Fig. 13 shows a cross-sectional view of the chassis embodiment 42 in a position to be transmitted, wherein the chassis embodiment 42 is ready for deployment. The plate catch 30a of the plate latch 30 secures the deployment rod plate 32. When the panel latch trigger 30 is pressed or otherwise actuated, the deployment rod panel 32 may be driven forward by the compression spring 33. A tensioner, which may include a constant force spring 34, is operatively connected to a plug 35 by a tension transmitting clip 34 a. The plug 35 is held in the loaded position by the trigger latch lever 31. As deployment rod plate 32 is driven forward by compression spring 33, deployment rod 39 with anchors 28 attached is driven through fascia tissue layer 64, as shown in fig. 17. For some embodiments, when the deployment rod plate 32 reaches the end of its travel, it pushes the latch rod 31 upward and disengages it from the plug 35, allowing the plug 35 to be pulled back by the constant force spring 34 until the plug 35 engages the hand screw 36.

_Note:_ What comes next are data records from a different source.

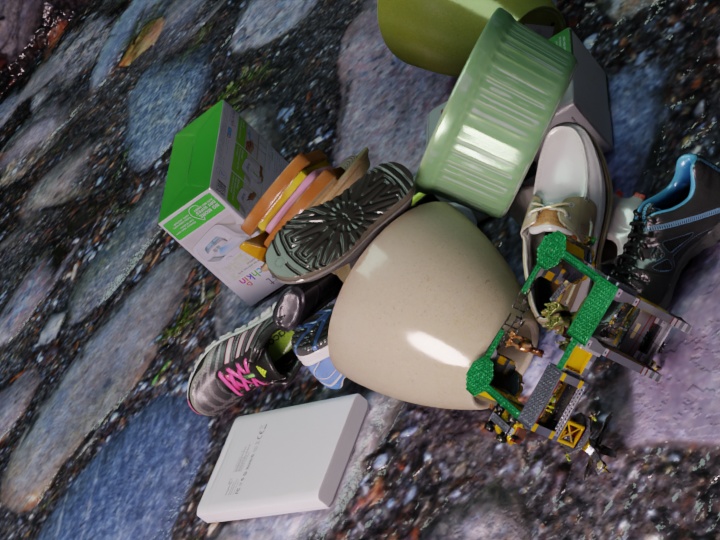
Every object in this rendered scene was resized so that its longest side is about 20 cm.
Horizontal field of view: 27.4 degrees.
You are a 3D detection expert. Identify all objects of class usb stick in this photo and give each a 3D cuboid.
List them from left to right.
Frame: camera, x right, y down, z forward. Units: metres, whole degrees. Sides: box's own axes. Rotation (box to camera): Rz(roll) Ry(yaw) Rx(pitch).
[{"bbox_3d":[-0.053,0.024,1.680,0.200,0.032,0.056,-35,-34,-70],"label":"usb stick"}]

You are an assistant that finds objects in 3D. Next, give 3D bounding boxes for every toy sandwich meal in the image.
[{"bbox_3d":[-0.068,-0.080,1.670,0.205,0.070,0.205,-49,4,5],"label":"toy sandwich meal"}]

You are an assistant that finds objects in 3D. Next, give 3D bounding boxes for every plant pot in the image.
[{"bbox_3d":[0.153,-0.306,1.796,0.187,0.187,0.200,-49,44,-4],"label":"plant pot"}]

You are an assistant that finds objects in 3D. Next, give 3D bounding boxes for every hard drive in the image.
[{"bbox_3d":[-0.086,0.207,1.611,0.199,0.027,0.132,-16,42,44],"label":"hard drive"}]

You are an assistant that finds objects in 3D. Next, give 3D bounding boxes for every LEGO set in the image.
[{"bbox_3d":[0.199,0.075,1.316,0.154,0.116,0.201,26,91,58],"label":"LEGO set"}]

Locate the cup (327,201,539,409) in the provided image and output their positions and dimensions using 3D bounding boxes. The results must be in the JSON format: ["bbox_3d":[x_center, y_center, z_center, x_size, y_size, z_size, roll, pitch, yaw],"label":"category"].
[{"bbox_3d":[0.088,0.054,1.433,0.143,0.200,0.201,33,80,31],"label":"cup"}]

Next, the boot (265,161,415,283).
[{"bbox_3d":[0.000,0.002,1.469,0.181,0.200,0.073,-31,60,-13],"label":"boot"}]

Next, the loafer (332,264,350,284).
[{"bbox_3d":[-0.017,-0.026,1.613,0.076,0.067,0.200,-53,6,-9],"label":"loafer"}]

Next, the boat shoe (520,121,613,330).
[{"bbox_3d":[0.193,-0.044,1.404,0.074,0.068,0.201,-4,86,34],"label":"boat shoe"}]

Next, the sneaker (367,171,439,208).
[{"bbox_3d":[0.019,-0.084,1.747,0.199,0.074,0.081,-20,79,37],"label":"sneaker"}]

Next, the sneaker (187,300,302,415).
[{"bbox_3d":[-0.123,0.108,1.730,0.200,0.074,0.088,-37,24,7],"label":"sneaker"}]

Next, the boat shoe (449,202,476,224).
[{"bbox_3d":[0.049,-0.009,1.663,0.200,0.070,0.066,-46,16,15],"label":"boat shoe"}]

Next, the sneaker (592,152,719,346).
[{"bbox_3d":[0.266,-0.020,1.367,0.200,0.082,0.073,-51,31,-4],"label":"sneaker"}]

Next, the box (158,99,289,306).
[{"bbox_3d":[-0.157,-0.089,1.909,0.096,0.176,0.201,-32,33,24],"label":"box"}]

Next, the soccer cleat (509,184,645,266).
[{"bbox_3d":[0.212,-0.044,1.486,0.200,0.069,0.078,10,65,53],"label":"soccer cleat"}]

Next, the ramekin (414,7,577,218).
[{"bbox_3d":[0.137,-0.150,1.473,0.201,0.097,0.200,-64,-3,-7],"label":"ramekin"}]

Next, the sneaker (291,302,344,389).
[{"bbox_3d":[0.023,0.055,1.609,0.199,0.077,0.076,-29,31,-2],"label":"sneaker"}]

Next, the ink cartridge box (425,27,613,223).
[{"bbox_3d":[0.175,-0.158,1.652,0.199,0.083,0.147,-28,35,28],"label":"ink cartridge box"}]

Some vascular closure assembly embodiments 8 may include an actuator assembly 9, which actuator assembly 9 may include a chassis 42 having a distal end and a proximal end. The plug 35 may translate proximally relative to the chassis 42 over a retracted length from a distal position of the plug 35, as shown in fig. 13. Tensioner 34 has a first end secured to chassis 42, a second end releasably secured to plug 35 with tension transmitting clip 34a, and is configured to continuously apply proximally oriented tension to plug 35 relative to chassis 42 over the retracted length of deployment rod 39 and wire 40. The trigger latch 31 may be configured to releasably secure the plug 35 in the distal position against a proximal force applied to the plug 35 by the tensioner 34. The plate 32 may be translatable distally relative to the plug 35 from a proximal cocked position through a deployment length to a distal position that actuates the trigger latch 31 and releases the plug 35, allowing proximal translation of the plug 35 in a retracted length.

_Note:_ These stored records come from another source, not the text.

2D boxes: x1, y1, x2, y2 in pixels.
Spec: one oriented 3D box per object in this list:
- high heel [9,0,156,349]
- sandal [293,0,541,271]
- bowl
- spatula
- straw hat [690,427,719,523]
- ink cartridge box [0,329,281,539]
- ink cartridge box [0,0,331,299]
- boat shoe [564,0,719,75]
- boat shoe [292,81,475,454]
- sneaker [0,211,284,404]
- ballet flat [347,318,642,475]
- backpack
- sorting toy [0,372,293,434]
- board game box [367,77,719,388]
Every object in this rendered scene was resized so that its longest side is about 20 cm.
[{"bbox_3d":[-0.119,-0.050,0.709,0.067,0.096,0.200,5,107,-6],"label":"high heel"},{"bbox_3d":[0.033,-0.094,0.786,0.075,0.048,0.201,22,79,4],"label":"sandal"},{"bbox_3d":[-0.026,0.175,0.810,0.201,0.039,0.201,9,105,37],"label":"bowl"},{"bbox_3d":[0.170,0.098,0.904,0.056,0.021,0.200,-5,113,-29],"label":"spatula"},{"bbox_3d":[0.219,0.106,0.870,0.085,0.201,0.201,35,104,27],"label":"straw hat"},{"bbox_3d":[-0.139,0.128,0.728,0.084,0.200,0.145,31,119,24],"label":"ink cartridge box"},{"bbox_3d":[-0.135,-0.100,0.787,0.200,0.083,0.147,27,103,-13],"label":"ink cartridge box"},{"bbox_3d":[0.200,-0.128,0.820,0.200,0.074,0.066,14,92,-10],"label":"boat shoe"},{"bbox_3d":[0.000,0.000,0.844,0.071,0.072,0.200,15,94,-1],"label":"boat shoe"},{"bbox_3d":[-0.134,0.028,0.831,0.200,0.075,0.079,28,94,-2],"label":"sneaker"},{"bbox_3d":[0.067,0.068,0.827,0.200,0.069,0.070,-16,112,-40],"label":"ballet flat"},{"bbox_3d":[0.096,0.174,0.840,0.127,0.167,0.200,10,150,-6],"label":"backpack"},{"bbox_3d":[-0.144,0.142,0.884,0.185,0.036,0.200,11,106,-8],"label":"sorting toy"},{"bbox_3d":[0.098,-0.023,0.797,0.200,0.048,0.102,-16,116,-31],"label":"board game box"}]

Compression spring 33 has a first end operatively connected to plug 35 and a second end operatively plugged to plate 32, compression spring 33 may be configured to apply a distally directed force to plate 32 from a proximal cocked position of plate 32 to a distal position of plate 32 over a deployment length. In some cases, upon actuation or release of compression spring 33, plate 32 translates in limited linear motion relative to plug 35. The plate latch 30 is operatively connected to the chassis 42, which is configured to allow actuation of the plate latch 30 but prevent distal translation of the plate latch 30 relative to the chassis 42. The plate latch 30 may include a plate catch 30a operably connected to the plate 32 and releasably securing the plate 32 in a proximal cocked position. The actuation or deployment button 12 may be operatively coupled to the plate latch 30 and configured to actuate the plate latch 30 to disengage the plate catch 30a from the plate 32.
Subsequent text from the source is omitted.